Allemagne : "On a des gagnants et des perdants" de l'électrification du parc automobile, assure le fondateur d'un cabinet d’études sur l’industrie et les services automobiles
En Allemagne, "on a des gagnants et des perdants" de l'électrification du parc automobilie, assure ce lundi 13 mars sur franceinfo Bernard Jullien, maître de conférence en économie à l’université de Bordeaux, fondateur de FERIA, cabinet d’études sur l’industrie et les services automobiles. La semaine dernière, alors que l'Union Européenne devait acter la fin des moteurs thermiques pour les véhicules neufs en 2035, l’Allemagne a fait savoir qu’elle ne voterait finalement pas ce texte.

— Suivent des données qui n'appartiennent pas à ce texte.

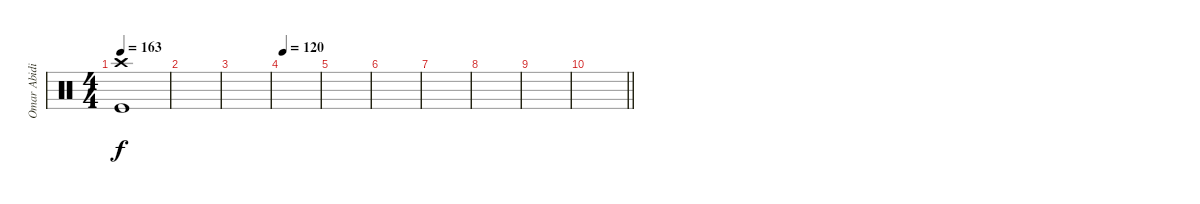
\track ("Omar Abidi" "Omar Abidi") {instrument percussion}
\staff {score}
\articulation defaults
\ts (4 4)
\tempo 163
\clef neutral
\ks c
("Crash high (hit)" "Kick (hit)").1{dy f} |
|
|
\tempo 120
|
|
|
|
|
|
\barLineRight lightlight
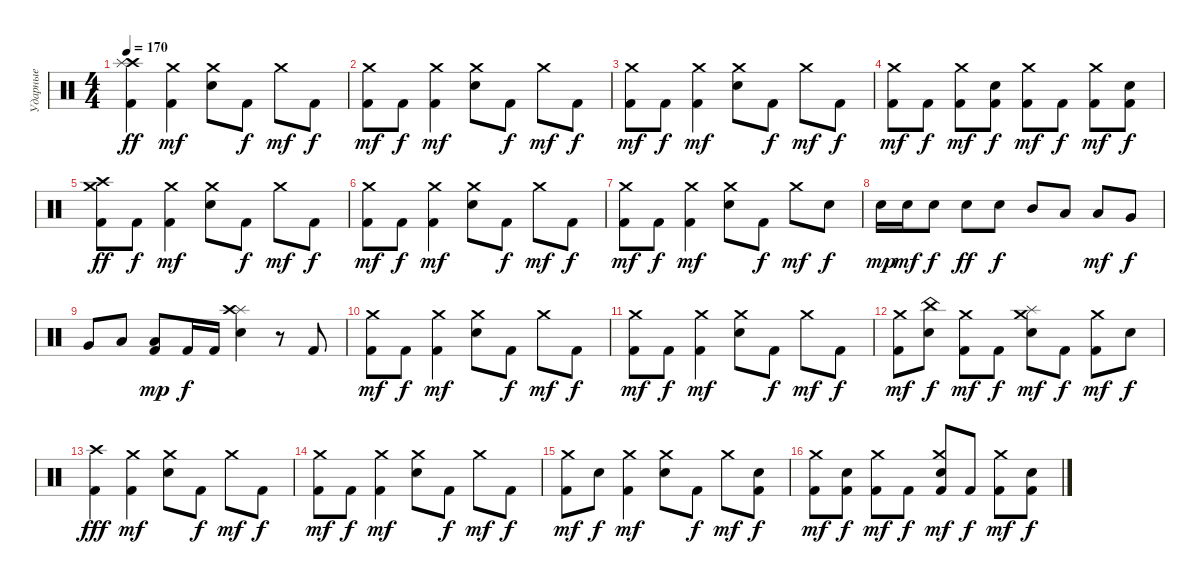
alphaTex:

\track ("Ударные" "Ударные") {instrument percussion}
\staff {score}
\articulation defaults
\ts (4 4)
\tempo 170
\clef neutral
\ks c
("Crash high (hit)" "Splash (hit)" "Kick (hit) 2").4{dy ff} ("Crash medium (hit)" "Kick (hit) 2").4{dy mf} ("Crash medium (hit)" "Electric Snare (hit)").8 "Kick (hit) 2".8{dy f} "Crash medium (hit)".8{dy mf} "Kick (hit) 2".8{dy f} |
("Crash medium (hit)" "Kick (hit) 2").8{dy mf} "Kick (hit) 2".8{dy f} ("Crash medium (hit)" "Kick (hit) 2").4{dy mf} ("Crash medium (hit)" "Electric Snare (hit)").8 "Kick (hit) 2".8{dy f} "Crash medium (hit)".8{dy mf} "Kick (hit) 2".8{dy f} |
("Crash medium (hit)" "Kick (hit) 2").8{dy mf} "Kick (hit) 2".8{dy f} ("Crash medium (hit)" "Kick (hit) 2").4{dy mf} ("Crash medium (hit)" "Electric Snare (hit)").8 "Kick (hit) 2".8{dy f} "Crash medium (hit)".8{dy mf} "Kick (hit) 2".8{dy f} |
("Crash medium (hit)" "Kick (hit) 2").8{dy mf} "Kick (hit) 2".8{dy f} ("Crash medium (hit)" "Kick (hit) 2").8{dy mf} ("Electric Snare (hit)" "Kick (hit) 2").8{dy f} ("Crash medium (hit)" "Kick (hit) 2").8{dy mf} "Kick (hit) 2".8{dy f} ("Crash medium (hit)" "Kick (hit) 2").8{dy mf} ("Electric Snare (hit)" "Kick (hit) 2").8{dy f} |
("Crash medium (hit)" "Crash high (hit)" "Kick (hit) 2").8{dy ff} "Kick (hit) 2".8{dy f} ("Crash medium (hit)" "Kick (hit) 2").4{dy mf} ("Crash medium (hit)" "Electric Snare (hit)").8 "Kick (hit) 2".8{dy f} "Crash medium (hit)".8{dy mf} "Kick (hit) 2".8{dy f} |
("Crash medium (hit)" "Kick (hit) 2").8{dy mf} "Kick (hit) 2".8{dy f} ("Crash medium (hit)" "Kick (hit) 2").4{dy mf} ("Crash medium (hit)" "Electric Snare (hit)").8 "Kick (hit) 2".8{dy f} "Crash medium (hit)".8{dy mf} "Kick (hit) 2".8{dy f} |
("Crash medium (hit)" "Kick (hit) 2").8{dy mf} "Kick (hit) 2".8{dy f} ("Crash medium (hit)" "Kick (hit) 2").4{dy mf} ("Crash medium (hit)" "Electric Snare (hit)").8 "Kick (hit) 2".8{dy f} "Crash medium (hit)".8{dy mf} "Electric Snare (hit)".8{dy f} |
"Electric Snare (hit)".16{dy mp} "Electric Snare (hit)".16{dy mf} "Electric Snare (hit)".8{dy f} "Electric Snare (hit)".8{dy ff} "Electric Snare (hit)".8{dy f} "Mid Tom (hit)".8 "Low Tom (hit)".8 "Low Tom (hit)".8{dy mf} "Very Low Tom (hit)".8{dy f} |
"Very Low Tom (hit)".8 "Low Floor Tom (hit)".8 ("Low Floor Tom (hit)" "Kick (hit) 2").8{dy mp} "Kick (hit) 2".16{dy f} "Kick (hit) 2".16 ("Splash (hit)" "Crash high (hit)" "Electric Snare (hit)").4 r.8 "Kick (hit) 2".8 |
("Crash medium (hit)" "Kick (hit) 2").8{dy mf} "Kick (hit) 2".8{dy f} ("Crash medium (hit)" "Kick (hit) 2").4{dy mf} ("Crash medium (hit)" "Electric Snare (hit)").8 "Kick (hit) 2".8{dy f} "Crash medium (hit)".8{dy mf} "Kick (hit) 2".8{dy f} |
("Crash medium (hit)" "Kick (hit) 2").8{dy mf} "Kick (hit) 2".8{dy f} ("Crash medium (hit)" "Kick (hit) 2").4{dy mf} ("Crash medium (hit)" "Electric Snare (hit)").8 "Kick (hit) 2".8{dy f} "Crash medium (hit)".8{dy mf} "Kick (hit) 2".8{dy f} |
("Crash medium (hit)" "Kick (hit) 2").8{dy mf} ("China (hit)" "Electric Snare (hit)").8{dy f} ("Crash medium (hit)" "Kick (hit) 2").8{dy mf} "Kick (hit) 2".8{dy f} ("Crash medium (hit)" "Splash (hit)" "Electric Snare (hit)").8{dy mf} "Kick (hit) 2".8{dy f} ("Crash medium (hit)" "Kick (hit) 2").8{dy mf} "Electric Snare (hit)".8{dy f} |
("Crash high (hit)" "Kick (hit) 2").4{dy fff} ("Crash medium (hit)" "Kick (hit) 2").4{dy mf} ("Crash medium (hit)" "Electric Snare (hit)").8 "Kick (hit) 2".8{dy f} "Crash medium (hit)".8{dy mf} "Kick (hit) 2".8{dy f} |
("Crash medium (hit)" "Kick (hit) 2").8{dy mf} "Kick (hit) 2".8{dy f} ("Crash medium (hit)" "Kick (hit) 2").4{dy mf} ("Crash medium (hit)" "Electric Snare (hit)").8 "Kick (hit) 2".8{dy f} "Crash medium (hit)".8{dy mf} "Kick (hit) 2".8{dy f} |
("Crash medium (hit)" "Kick (hit) 2").8{dy mf} "Electric Snare (hit)".8{dy f} ("Crash medium (hit)" "Kick (hit) 2").4{dy mf} ("Crash medium (hit)" "Electric Snare (hit)").8 "Kick (hit) 2".8{dy f} "Crash medium (hit)".8{dy mf} ("Electric Snare (hit)" "Kick (hit) 2").8{dy f} |
("Crash medium (hit)" "Kick (hit) 2").8{dy mf} ("Electric Snare (hit)" "Kick (hit) 2").8{dy f} ("Crash medium (hit)" "Kick (hit) 2").8{dy mf} "Kick (hit) 2".8{dy f} ("Crash medium (hit)" "Electric Snare (hit)" "Kick (hit) 2").8{dy mf} "Kick (hit) 2".8{dy f} ("Crash medium (hit)" "Kick (hit) 2").8{dy mf} ("Electric Snare (hit)" "Kick (hit) 2").8{dy f}

Ce revirement allemand s'explique politiquement et économiquement selon Bernard Jullien. Par rapport à leurs récents revers électoraux, le maître de conférence en économie "voit un coup réalisé par les libéraux allemands" qui "ont décidé que c'était assez opportun par rapport à leur sort politique actuel d'aller défendre cette poursuite du thermique". De plus, il estime que si les "constructeurs allemands" ont bien préparé ce passage au 100% électrique, les petits sous-traitants qui représentent "beaucoup d'emplois" doivent encore être soutenus. Il propose de rouvrir "les tractations" avec ces entreprises pour favoriser "l'innovation."
franceinfo : Pourquoi l'Allemagne freine-t-elle autant sur cette réglementation des moteurs thermiques ?
Bernard Jullien : Il y a d'abord un problème de politique intérieure, c'est-à-dire que les libéraux ont décidé que c'était assez opportun par rapport à leur sort politique actuel d'aller défendre cette poursuite du thermique. Ces politiques sont allés dire aux PME, qui sont plutôt victimes du tournant de l'électrification, qu'ils ne sont pas seuls face aux très grandes entreprises. Il y a probablement eu un arbitrage qui a été rendu par Olaf Scholz en faveur des libéraux et contre les écolos qui expliquent ceci. C'est un problème de politique intérieure.
Ensuite, le problème au niveau européen, il est souvent plus consistant puisque, comme le dit Bruno Le Maire, on a quand même des constructeurs qui se sont engagés très fermement sur l'électrique. Ils ont des calendriers de lancement des produits qui sont calculés sur cette espèce de quasi-certitude dans laquelle le thermique allait cesser. En cas de revirement, ces constructeurs auraient des raisons d'être fort mécontents y compris les constructeurs allemands comme Volkswagen. Cette marque était très engagée et était même probablement à l'origine du mouvement d'électrification qui est aujourd'hui remis en cause par l'Allemagne.
Vous nous dites que cet "arbitrage en Allemagne est politique" mais il est aussi économique ?
Oui, dans ce mouvement d'électrification, on a des gagnants et des perdants. Les gagnants, ils sont éventuellement plutôt du côté des constructeurs allemands. Les constructeurs allemands se sont très engagés en Chine où ils sont obligés d'électrifier leurs gammes. Du coup, ils ont cherché à avoir une technologie qui leur permettrait d'être à la fois présents en Europe et présents en Chine. Ils ont choisi l'électrique.
Évidemment, c'est moins le cas pour les sous-traitants, surtout pour les petites entreprises qui sont souvent mono actives. On a pensé que les perdants de l'électrification n'avaient plus que leurs yeux pour pleurer. En fait, ils ont aussi des soutiens politiques en Allemagne. Il va falloir que des tractations se réouvrent pour que ces perdants, face au tout électrique, innovent et soient à la fois intégrés un peu mieux dans les choix et qu'en même temps, ils ne remettent pas en cause ce cap qui a été pris.
A-t-on aujourd'hui les mêmes problèmes en France ?
On a les mêmes problèmes, évidemment, on a une reconversion qui en est à ses balbutiements et tout le monde a compris qu'elle allait être relativement problématique pour toute une série d'entreprises. Aujourd'hui, on a déjà vu que dans les fonderies, qui déjà souffraient avec la diésélisation, les choses vont empirer. Il y a là des problèmes très lourds sur le plan industriel ou social.
Mais ils sont peut-être un peu plus aigus en Allemagne parce qu'il y a beaucoup plus d'emplois. Ces emplois sont à la fois en Allemagne, mais ils sont aussi dans les pays de l'Est où une partie des équipements des voitures allemandes sont fabriqués.
Il va falloir que des tractations se réouvrent pour que ces perdants l'électrification innovent et soient à la fois intégrés un peu mieux dans les choix et qu'en même temps, ils ne remettent pas en cause ce cap qui a été pris.